Of course, there are times and places for secret revelation. Around the Christmas dinner table, where emotions are already running high, is probably not one of those, experts say. Nor are psychologically loaded events like college graduations and wedding anniversaries.




Jane* is a 45-year-old business consultant who knows all about powerful secrets. When Jane was a teenager, her mother died suddenly in her sleep, leaving four children, of whom Jane was the eldest. It was two weeks before Jane's father told her that her mother had swallowed a bottle of barbiturates.

"Nobody except my father knew how to tell us. It was just too hard," she says. "And as a family we never talked about what the heck happened. That was not a good thing. That was really, profoundly, not a good thing."

Years later, the day before she left home for college, Jane's father, as he put away tools at his workbench, asked her if she knew that her mother was Jewish—yet another significant secret.
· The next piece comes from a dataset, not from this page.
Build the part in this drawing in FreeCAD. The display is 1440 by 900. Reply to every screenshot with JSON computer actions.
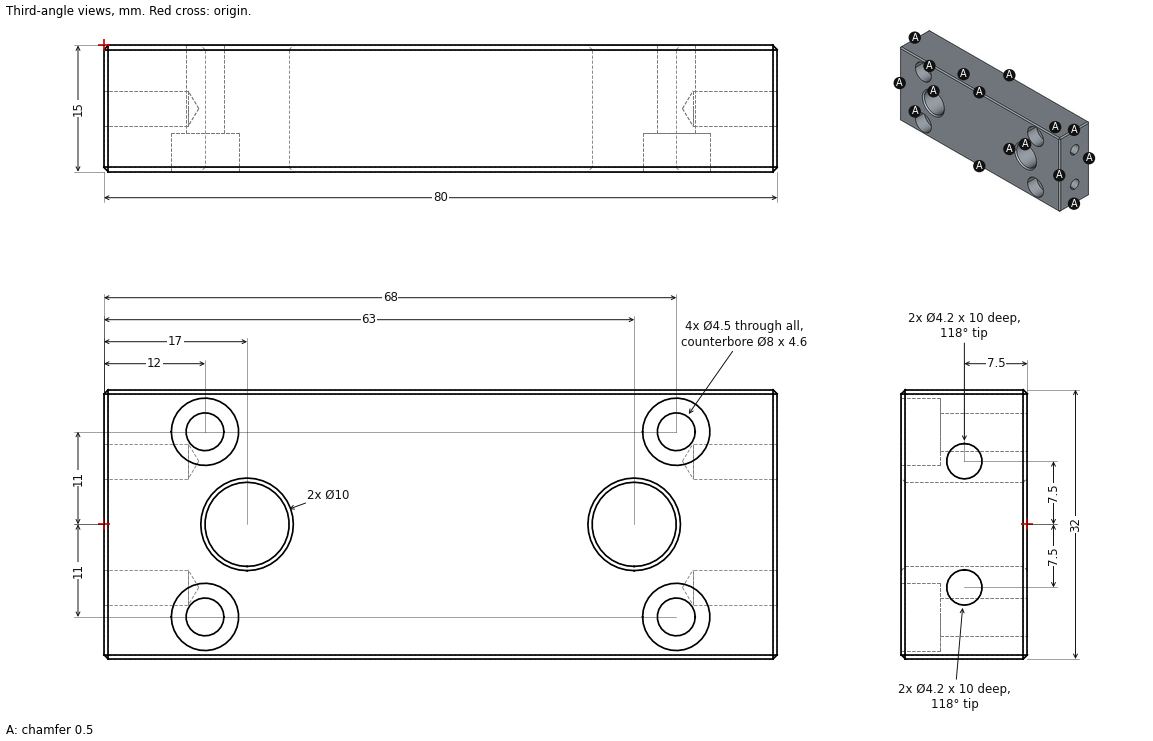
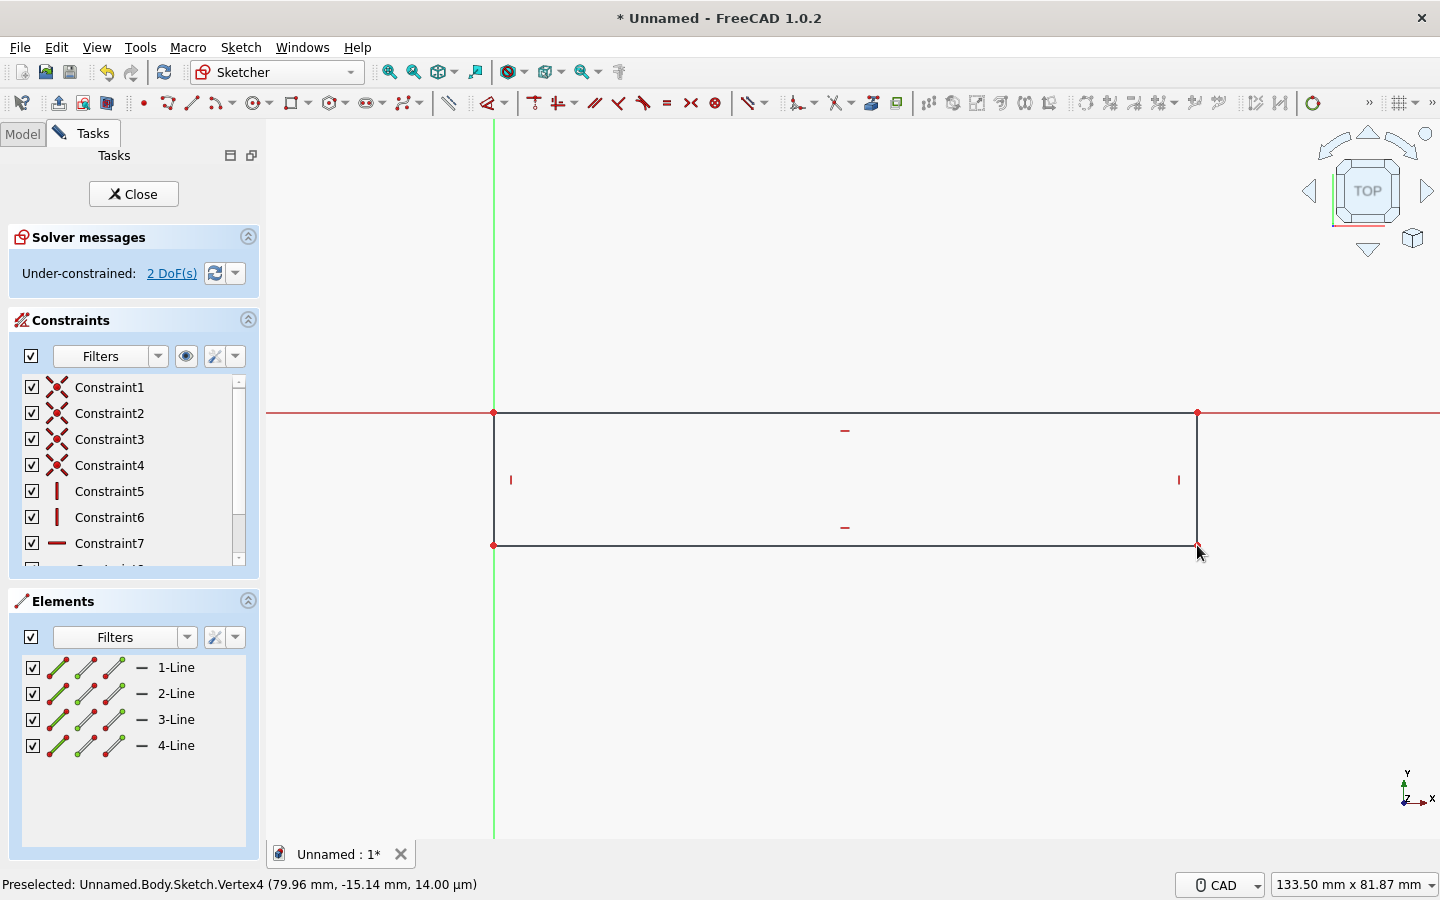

Jane's grandmother had asked Jane's father to tell Jane about her Jewish heritage because she thought she should know.

From her father, Jane learned that her maternal grandparents had fled Hungary for London in the late 1930s and that three of her four maternal great-grandparents had perished in the Holocaust. In order to escape the German bombing of London and move to Canada, which in 1940 had a highly anti-Semitic immigration policy, Jane's maternal grandparents, who were not religious Jews, converted to Christianity.

"A lot of things sure made sense to me once I did find out—like. . . how we observed holidays. There was a distinct lack of religiosity about Christmas in our house," says Jane.
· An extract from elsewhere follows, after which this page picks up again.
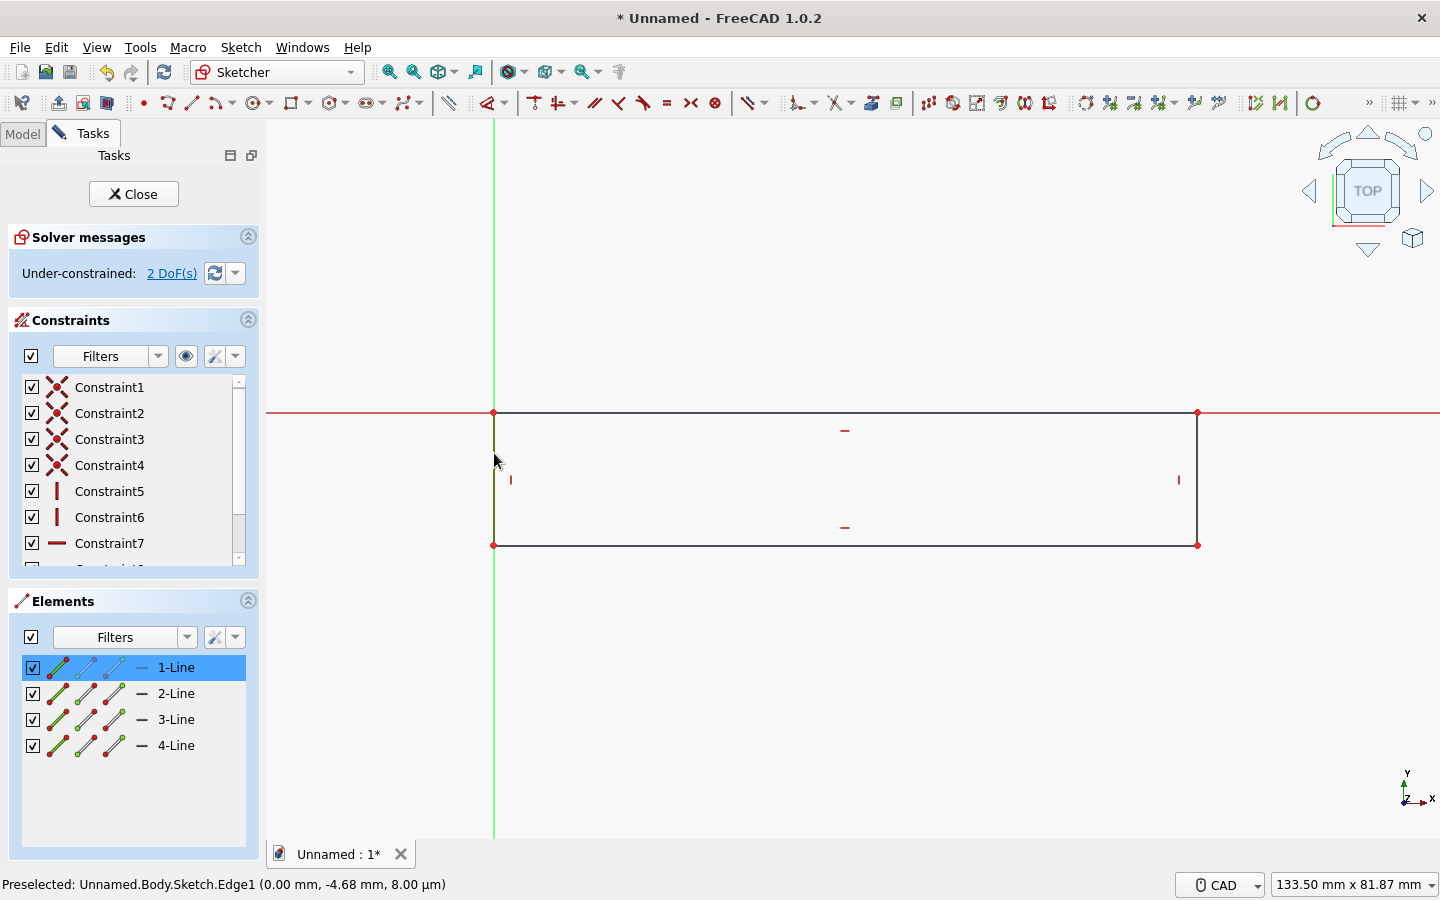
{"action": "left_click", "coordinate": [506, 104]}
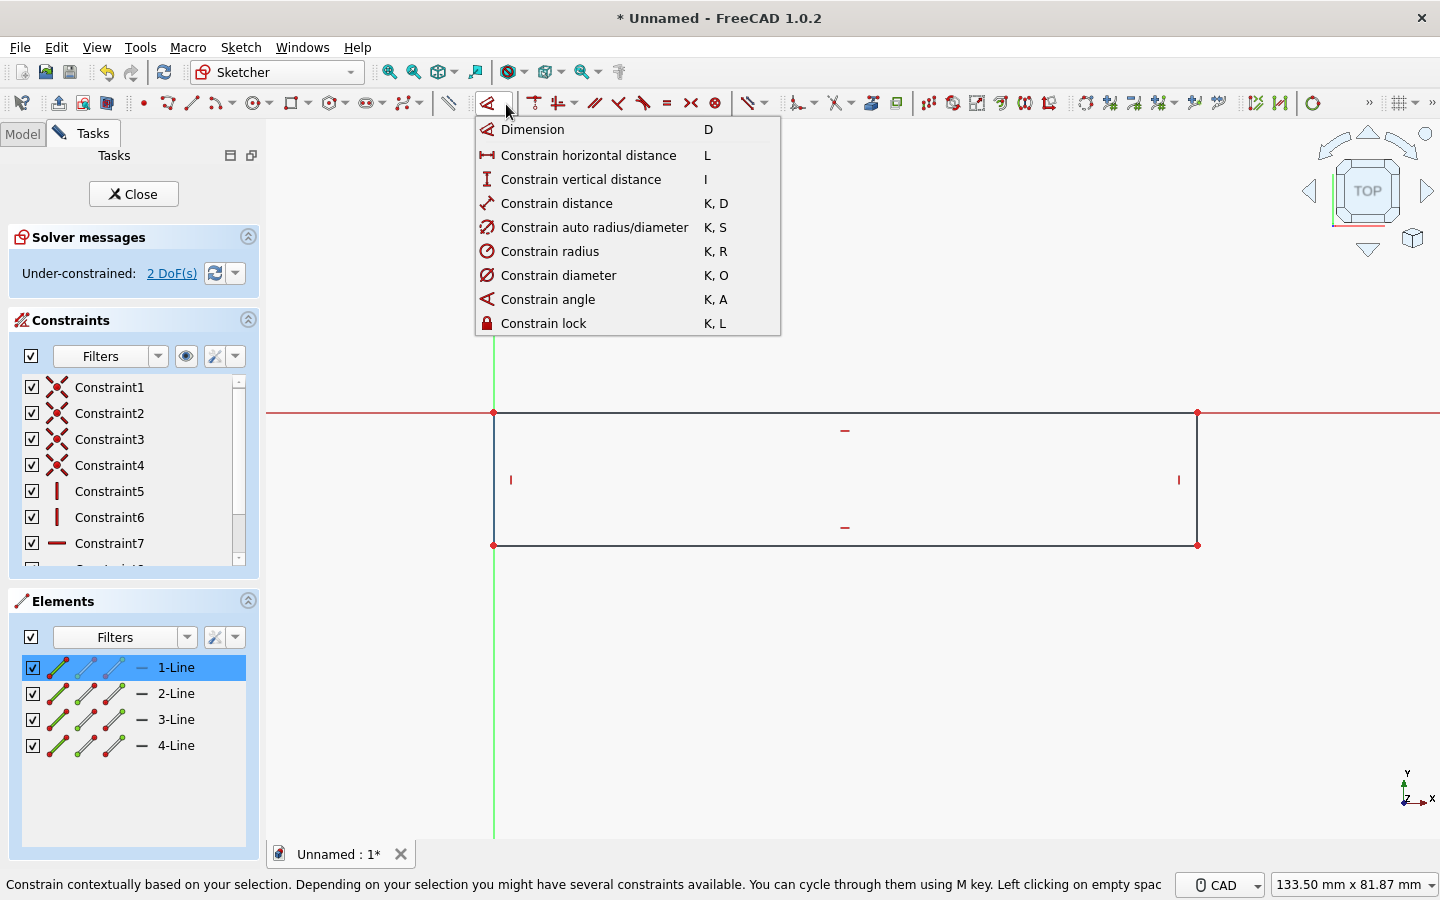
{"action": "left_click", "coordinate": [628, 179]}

As for when and how she was told: "For my mother's family, I think it is all part of a 'don't talk about it' phenomenon that [persisted] over lifetimes."





If you decide that the time has come to reveal your own hidden truth, there's one thing to be keenly aware of, says Imber-Black, the family therapist: the act of revealing a secret is just a start. What's key to resolution, she says, is being willing to deal with the consequences of your disclosure. "It's not a hit-and-run," she says. "If you're going to open a secret, you have to be prepared to hang in for the longer haul."
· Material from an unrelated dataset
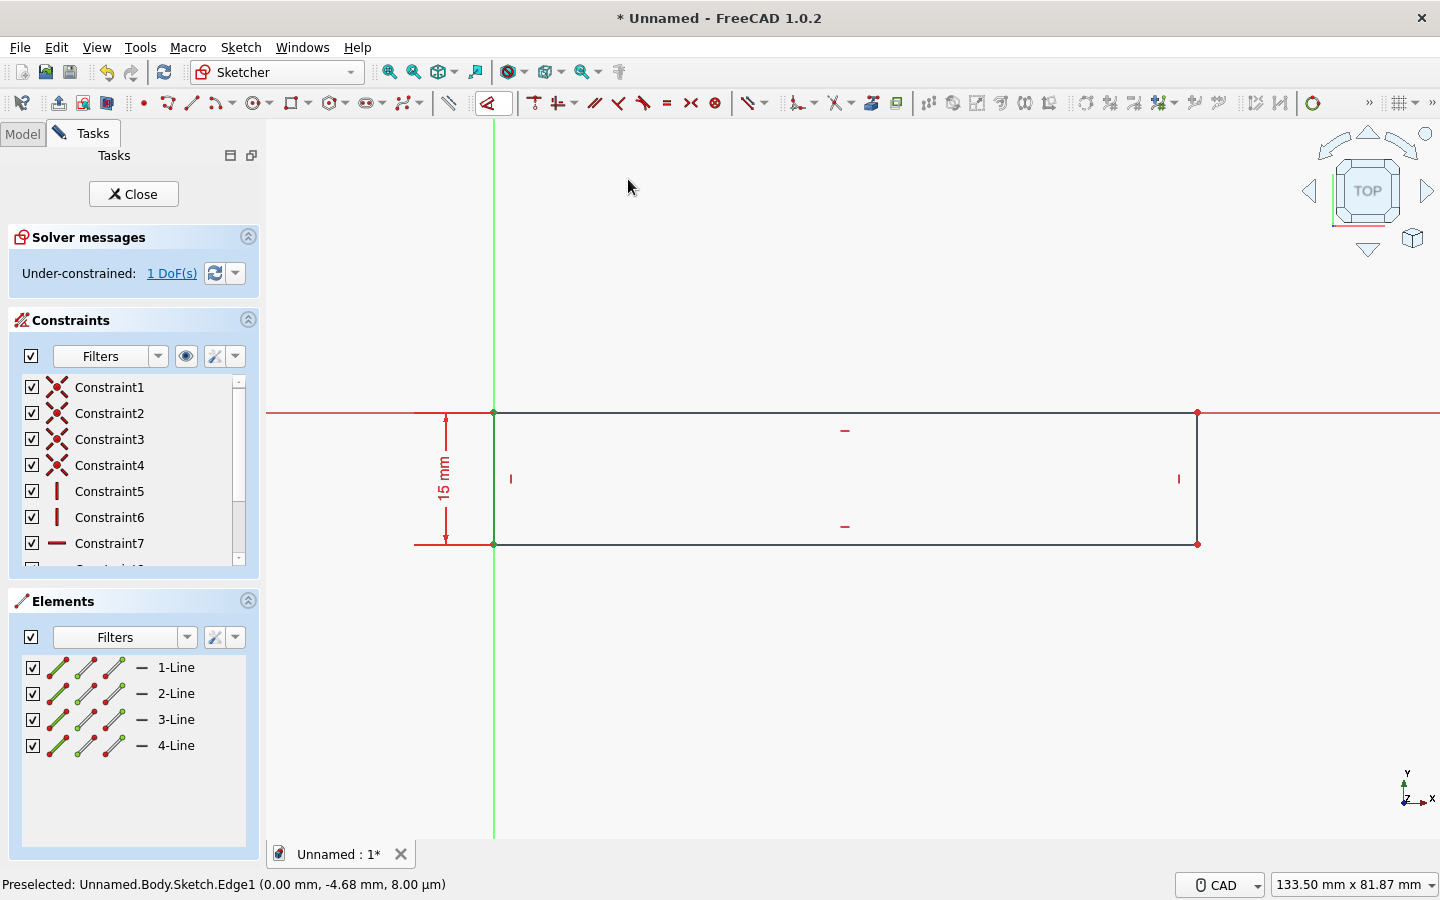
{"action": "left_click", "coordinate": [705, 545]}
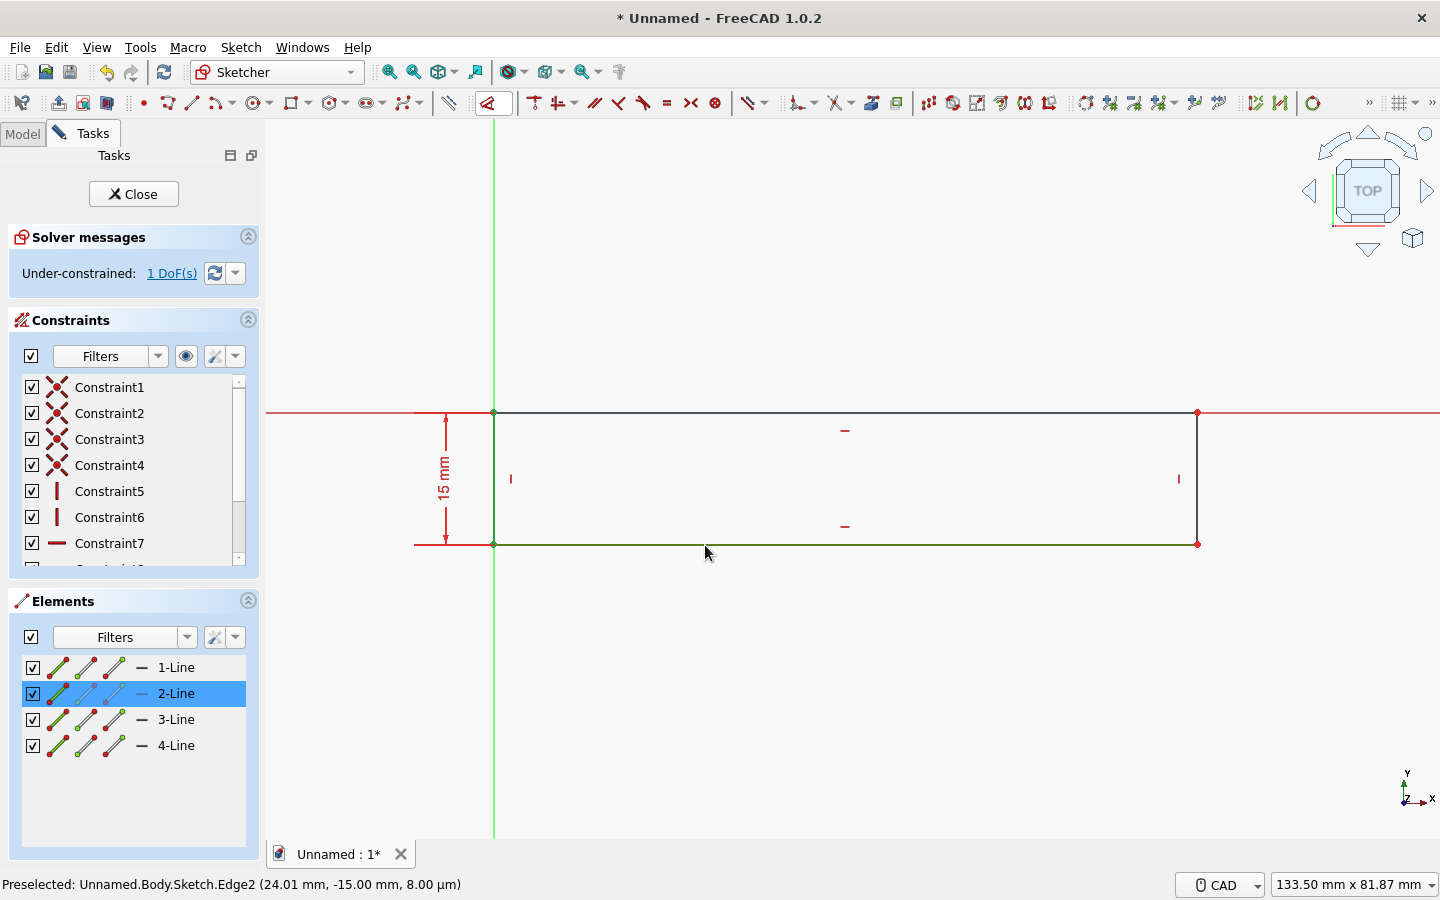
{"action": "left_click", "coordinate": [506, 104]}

In her book, Imber-Black tells a story that makes the point dramatically. A couple in their mid-70s came to her for therapy because of the wife's pathological fear of germs—a fear so profound that she had not touched any human being, including her husband and grandchildren, in more than a decade. Midway through a months-long course of family therapy that included their adult daughters, the elderly parents shared a long-held secret: their oldest daughter had been conceived out of wedlock—a matter of tremendous shame to the young parents back in 1935. Their grown daughters were, in fact, already well aware of the "secret," but much relieved that their parents had at last brought it into the open. The end result was a revitalized, openly expressive, loving family—and the disappearance of the mother's morbid fear of germs.

It's also vital to choose the right person to tell, notes Kelly, the psychology professor at Notre Dame. "An appropriate confidant is discreet, nonjudgmental, and won't reject the revealer. If the person is insightful, that's an added bonus."

To be sure, few if any of us will ever face an audience as daunting as the American public. Still, Mark Felt, now 93, is sure that he made the right choice about revealing his own, famous secret. This spring, in an exclusive telephone interview with AARP The Magazine Online, he explained that the relief has been tremendous. "I'm glad to be out from under. I'm glad to be free."

* Some sources' names have been changed to protect their identity.